Bajo la nueva métrica, Einstein no figura ni siquiera en el décimo lugar de la clasificación. Tampoco aparecen los padres de la mecánica cuántica, ni Watson ni Crick, ni ninguno de los íconos de la ciencia del siglo XX. Entre los elegidos no brillan los artífices de los antibióticos, ni los pioneros de las vacunas, ni los padres de la genética moderna. El transistor, los circuitos integrados, el computador, la internet, el láser, la resonancia magnética, los polímeros, los plásticos, los fármacos sintéticos…, todo aquello que caracteriza la ciencia y la tecnología de los últimos dos siglos palidece al lado del Complejo de Edipo, de la Teoría de los sueños, y luce bien lánguido al comparárselo con las propuestas filosóficas del vocero del deconstruccionismo.
No hay duda, el padre del sicoanálisis podría ser el autor más citado de la historia reciente. Otro asunto es que ello constituya prueba indirecta de la trascendencia de sus contribuciones o del valor de sus ideas. Con criterios similares, el éxito comercial serviría como medida de la calidad intelectual de un autor. Si así fuera, Chopra y Coelho tendrían que figurar entre los grandes intelectuales contemporáneos.
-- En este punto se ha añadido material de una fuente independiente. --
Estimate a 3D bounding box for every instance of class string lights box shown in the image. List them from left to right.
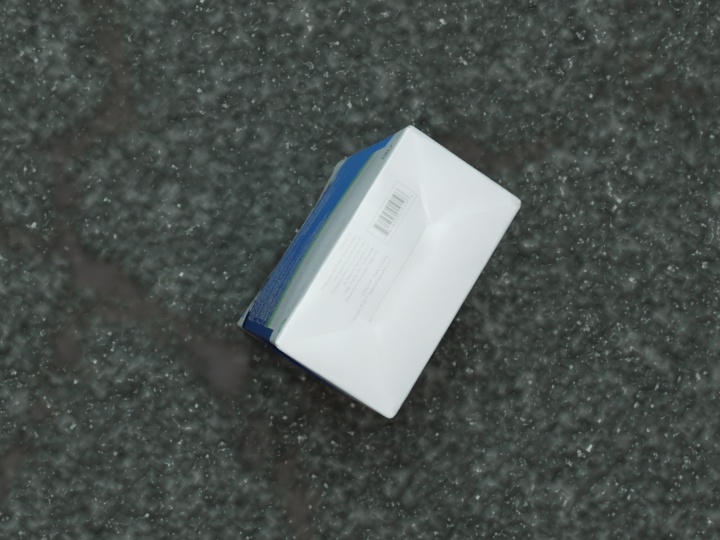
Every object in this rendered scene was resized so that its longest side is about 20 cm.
[{"bbox_3d":[0.000,0.000,0.714,0.059,0.200,0.103,32,86,-7],"label":"string lights box"}]
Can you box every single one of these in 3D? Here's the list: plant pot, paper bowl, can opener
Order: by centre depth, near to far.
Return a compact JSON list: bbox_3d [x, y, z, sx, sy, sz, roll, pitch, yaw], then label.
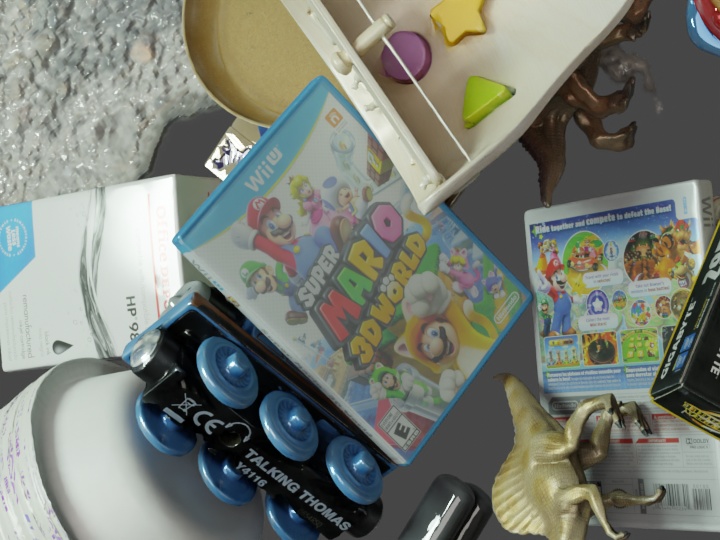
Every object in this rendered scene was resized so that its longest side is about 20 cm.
[{"bbox_3d":[-0.140,0.145,0.917,0.104,0.200,0.202,-35,79,21],"label":"paper bowl"},{"bbox_3d":[0.008,0.217,0.949,0.067,0.053,0.201,32,92,39],"label":"can opener"},{"bbox_3d":[-0.025,-0.182,0.965,0.197,0.027,0.203,-6,70,18],"label":"plant pot"}]

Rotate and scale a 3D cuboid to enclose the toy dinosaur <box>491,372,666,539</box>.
[{"bbox_3d":[0.118,0.109,0.858,0.100,0.058,0.202,-32,43,21],"label":"toy dinosaur"}]

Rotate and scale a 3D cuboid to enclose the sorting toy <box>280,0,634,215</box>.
[{"bbox_3d":[0.060,-0.159,0.850,0.179,0.107,0.201,-35,78,6],"label":"sorting toy"}]

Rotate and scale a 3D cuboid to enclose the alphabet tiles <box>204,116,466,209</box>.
[{"bbox_3d":[-0.029,-0.051,0.986,0.167,0.008,0.201,38,97,18],"label":"alphabet tiles"}]

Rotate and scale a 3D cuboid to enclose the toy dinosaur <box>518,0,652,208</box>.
[{"bbox_3d":[0.116,-0.146,0.914,0.134,0.086,0.203,14,97,17],"label":"toy dinosaur"}]

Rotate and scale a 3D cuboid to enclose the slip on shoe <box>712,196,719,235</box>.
[{"bbox_3d":[0.215,0.057,0.891,0.061,0.073,0.203,-2,94,52],"label":"slip on shoe"}]

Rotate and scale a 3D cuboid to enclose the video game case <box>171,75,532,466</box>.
[{"bbox_3d":[0.000,0.000,0.894,0.200,0.018,0.144,45,69,-12],"label":"video game case"}]

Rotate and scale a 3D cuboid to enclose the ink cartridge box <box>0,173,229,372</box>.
[{"bbox_3d":[-0.152,0.000,0.987,0.197,0.066,0.118,-9,85,26],"label":"ink cartridge box"}]

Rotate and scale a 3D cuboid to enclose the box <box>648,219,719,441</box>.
[{"bbox_3d":[0.271,0.019,0.814,0.158,0.049,0.202,28,72,-6],"label":"box"}]

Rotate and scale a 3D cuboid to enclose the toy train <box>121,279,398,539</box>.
[{"bbox_3d":[-0.059,0.086,0.903,0.086,0.115,0.199,-37,116,27],"label":"toy train"}]

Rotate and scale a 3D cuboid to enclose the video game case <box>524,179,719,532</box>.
[{"bbox_3d":[0.164,0.055,0.887,0.142,0.018,0.203,-9,85,51],"label":"video game case"}]

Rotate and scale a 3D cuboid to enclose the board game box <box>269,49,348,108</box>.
[{"bbox_3d":[-0.007,-0.050,0.960,0.094,0.030,0.203,-8,83,18],"label":"board game box"}]

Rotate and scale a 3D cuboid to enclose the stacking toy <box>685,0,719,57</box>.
[{"bbox_3d":[0.235,-0.184,0.815,0.108,0.200,0.118,18,94,17],"label":"stacking toy"}]
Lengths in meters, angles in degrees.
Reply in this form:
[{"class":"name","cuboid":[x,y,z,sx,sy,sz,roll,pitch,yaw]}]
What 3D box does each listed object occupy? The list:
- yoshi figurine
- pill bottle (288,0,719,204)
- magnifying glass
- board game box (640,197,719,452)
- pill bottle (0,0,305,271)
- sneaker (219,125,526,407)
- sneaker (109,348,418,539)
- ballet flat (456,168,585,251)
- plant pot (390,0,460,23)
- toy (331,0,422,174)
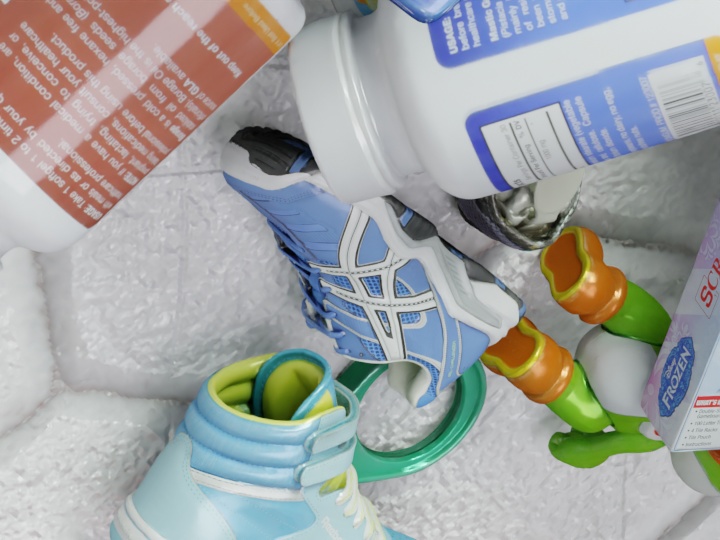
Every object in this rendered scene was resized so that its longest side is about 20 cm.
[{"class":"yoshi figurine","cuboid":[0.158,0.058,1.529,0.200,0.112,0.112,33,145,-26]},{"class":"pill bottle","cuboid":[0.074,-0.097,1.263,0.199,0.112,0.112,-16,131,13]},{"class":"magnifying glass","cuboid":[-0.024,0.096,1.480,0.199,0.022,0.080,-28,129,-11]},{"class":"board game box","cuboid":[0.257,-0.003,1.415,0.199,0.041,0.200,-1,128,-27]},{"class":"pill bottle","cuboid":[-0.129,-0.082,1.248,0.200,0.112,0.112,-43,130,1]},{"class":"sneaker","cuboid":[0.000,0.000,1.393,0.200,0.076,0.077,38,90,-38]},{"class":"sneaker","cuboid":[-0.013,0.109,1.432,0.199,0.080,0.131,15,111,-36]},{"class":"ballet flat","cuboid":[0.092,-0.097,1.393,0.072,0.072,0.201,-9,123,-25]},{"class":"plant pot","cuboid":[0.018,-0.237,1.163,0.200,0.180,0.200,43,94,-9]},{"class":"toy","cuboid":[0.038,-0.155,1.324,0.115,0.047,0.201,-20,118,13]}]

Calificar a Freud de científico es, para comenzar, un absurdo. El Complejo de Edipo, piedra angular del sicoanálisis freudiano, es una fantasía sin realidad empírica alguna, al igual que “La envidia del pene” o el “Complejo de Electra”. Ni la “Interpretación de los sueños” ni la “Libre asociación” tienen la menor validez científica. Tampoco posee sustento empírico la idea de que el inconsciente sea un reservorio de experiencias infantiles traumáticas reprimidas o sublimadas que influyan de manera constante en nuestra conducta.
Ni la depresión ni la esquizofrenia corresponden a desórdenes narcisistas o a conflictos no resueltos. La teoría resulta tan absurda como atribuir la causa de la insuficiencia cardíaca a un «conflicto masturbatorio». Pero la teoría no solo es errada, sino perversa, pues serían “madres esquizogénicas” las responsables de los trastornos síquicos de su prole. Es difícil desestimar el sufrimiento de tantas mujeres convencidas de ser culpables de la locura o del autismo de sus hijos. Estas sandeces resultan hoy inaceptables, máxime cuando empieza a conocerse el origen neurofisiológico de estas enfermedades. Las teorías de Freud reflejan los prejuicios de una época en la que se consideraba a las mujeres seres inferiores, y a la homosexualidad, una degeneración.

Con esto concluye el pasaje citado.